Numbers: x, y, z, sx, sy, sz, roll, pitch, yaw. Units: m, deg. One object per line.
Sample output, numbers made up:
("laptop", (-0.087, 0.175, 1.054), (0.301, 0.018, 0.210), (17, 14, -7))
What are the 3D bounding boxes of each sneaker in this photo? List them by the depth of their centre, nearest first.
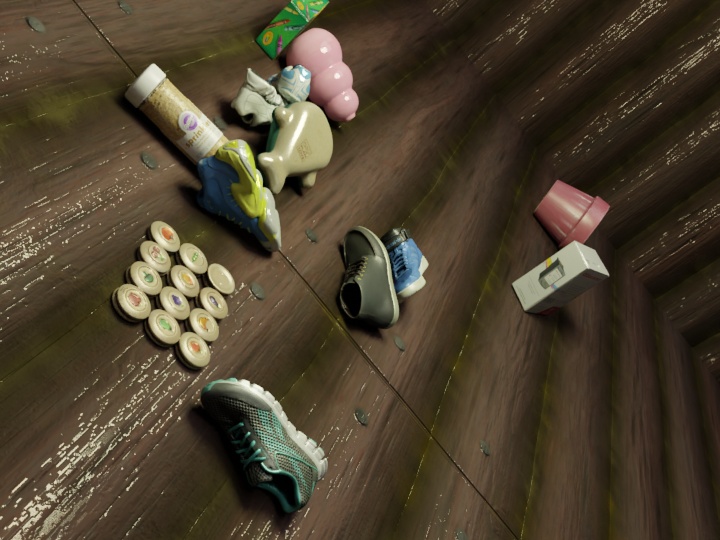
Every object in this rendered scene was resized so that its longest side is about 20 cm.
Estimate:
("sneaker", (-0.121, 0.216, 1.035), (0.200, 0.077, 0.092), (43, 32, -16))
("sneaker", (-0.192, -0.106, 1.311), (0.076, 0.103, 0.203), (-98, 171, -55))
("sneaker", (0.000, 0.000, 1.477), (0.105, 0.074, 0.203), (19, 43, -51))
("sneaker", (-0.181, -0.300, 1.553), (0.075, 0.082, 0.200), (37, 3, 16))
("sneaker", (0.072, -0.018, 1.612), (0.112, 0.076, 0.200), (54, 22, -10))
("sneaker", (-0.134, -0.360, 1.632), (0.072, 0.073, 0.200), (38, 0, -21))

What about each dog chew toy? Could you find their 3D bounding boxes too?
("dog chew toy", (-0.073, -0.410, 1.808), (0.203, 0.123, 0.125), (58, 26, -7))

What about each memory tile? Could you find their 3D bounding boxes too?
("memory tile", (-0.241, 0.028, 1.122), (0.153, 0.017, 0.202), (43, 28, -22))

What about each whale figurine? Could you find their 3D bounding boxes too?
("whale figurine", (-0.133, -0.216, 1.517), (0.201, 0.102, 0.161), (-53, 131, -40))

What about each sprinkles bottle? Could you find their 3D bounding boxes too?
("sprinkles bottle", (-0.271, -0.224, 1.314), (0.200, 0.068, 0.069), (45, 28, -18))

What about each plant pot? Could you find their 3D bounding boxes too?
("plant pot", (0.642, -0.174, 2.621), (0.178, 0.202, 0.200), (38, 26, 6))

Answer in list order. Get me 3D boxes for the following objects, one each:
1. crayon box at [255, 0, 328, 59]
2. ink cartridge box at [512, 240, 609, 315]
("crayon box", (-0.146, -0.544, 1.838), (0.058, 0.118, 0.201), (44, 28, -13))
("ink cartridge box", (0.502, 0.024, 2.126), (0.146, 0.199, 0.087), (13, 46, -52))

* WHAT YOU WILL DO:
The expected answer is a copy of every line in the entries that holds the word "this".

* TASK ANSWER:
What are the 3D bounding boxes of each sneaker in this photo? List them by the depth of their centre, nearest first.
Every object in this rendered scene was resized so that its longest side is about 20 cm.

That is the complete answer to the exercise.